There are limits, of course, but the kitchen in particular is somewhere you can have a lot of fun trying to use stuff up, and quite possibly making some happy discoveries along the way. Leftovers and eating-up meals can be some of the tastiest; stock you make yourself is infinitely nicer than just crumbling a tablet into hot water, and cooking with rendered animal fat is probably not going to give you the longevity of a chuckling Italian pensioner raised on extra virgin olive oil, but it is glorious.

So last week, after getting some beer on to brew, I was left with a big soggy bag of spent malt. A lot of the flavour was leeched out by mashing and sparging, but it still smelled good, and when all’s said and done, it’s just barley.

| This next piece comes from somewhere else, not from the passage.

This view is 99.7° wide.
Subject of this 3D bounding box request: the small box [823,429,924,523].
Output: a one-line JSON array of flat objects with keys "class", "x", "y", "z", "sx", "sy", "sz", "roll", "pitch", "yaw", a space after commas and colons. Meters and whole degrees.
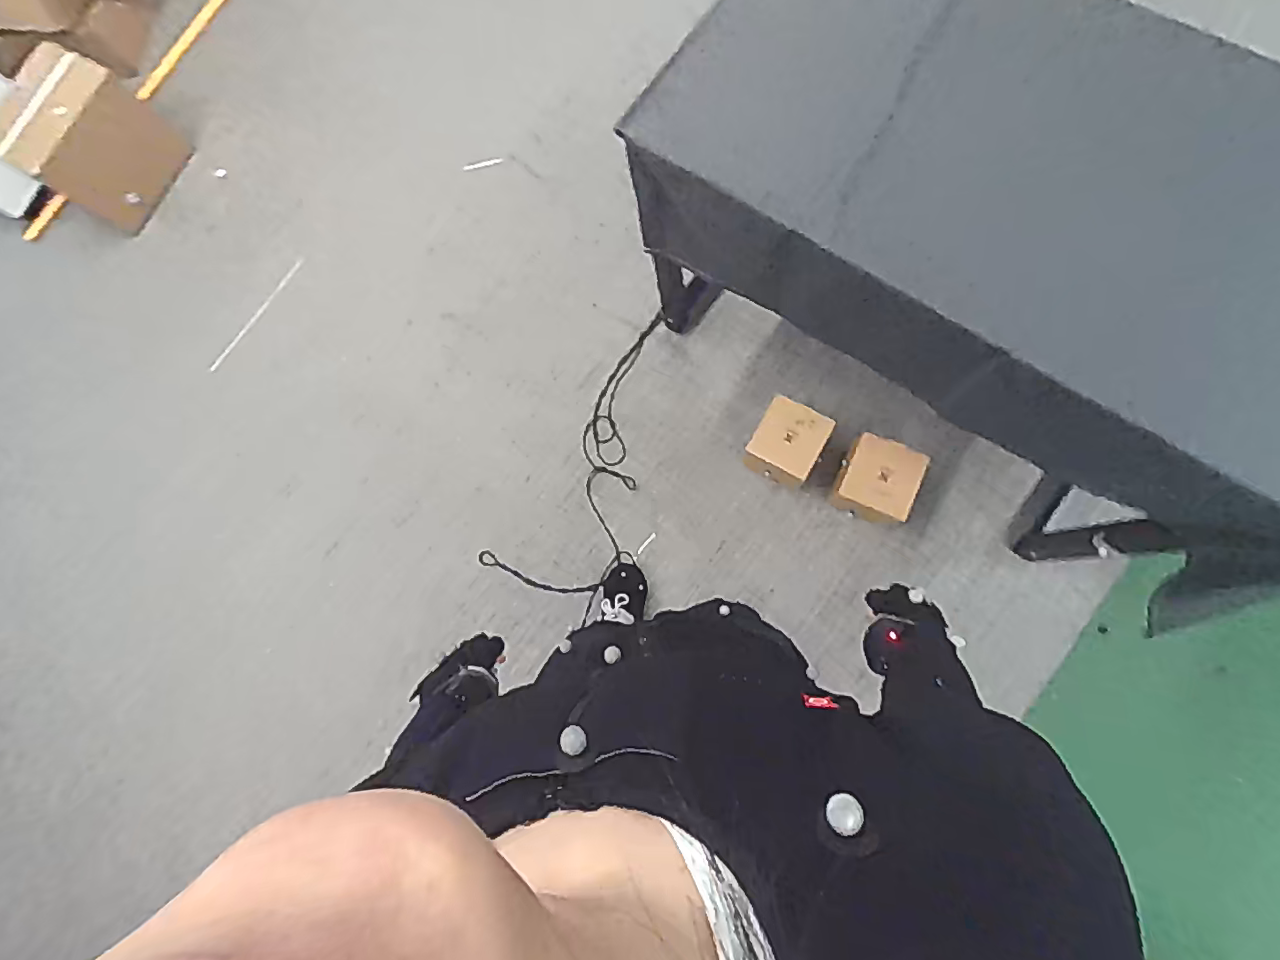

So I wondered if one could maybe bake it into bread.

Turns out I am inevitably not the first person to consider this. There were a few recipes online, and it looks like the enterprising Brooklyn brewery even sells its own spent grain flour. General consensus seems to be not to use a ratio of more than 20% spent grain to bread flour, and to try and guesstimate the volume of water if you’re using the grains wet. I’ve tried it a few times now, and the bread is delicious, full of flavour and especially good as hot, buttered toast with Bovril on.

However, all the recipes I found were either reasonably complicated or in American money (cups and such), so I thought it was worth posting a really simple one that works, adapted with a little trial and error. I’m not an expert baker, so I’m sure it can be improved much further if you’ve got the experience and fancy tinkering with it.

It’s better and more reliable if you use the malt dry, and it’s not a lot of hassle to dry it out. Just spread it reasonably thinly on baking trays and stick one in the oven when you’re cooking your tea, shaking it a bit now and again to surface the damper grain from the bottom. Within a few days you’ll have it all dried out, then you can grind it roughly in a food processor (you don’t have to, just makes it a bit less husky) and stick it in Ziploc bags or Tupperware.

Spent grain bread

400g strong white bread flour
100g dried spent grain (or 1 pint fresh spent grain)
320 mls warm water (or 150 mls if using wet spent grain)
1 sachet easy bake yeast
2 tsp salt
1 tbsp sugar
2 tbsp oil

1. Stick it all in a bowl and mix it up
2. Knead it on a lightly-floured surface for about 10 minutes (could be a little harder going than normal bread)
3. Put it in a loaf tin, brush a little oil on the top and lay some cling film over it
4. Leave it to rise in a warm place for about an hour
5. Sprinkle a bit of flour on if you like, then bake it in a preheated oven at 200 for half an hour.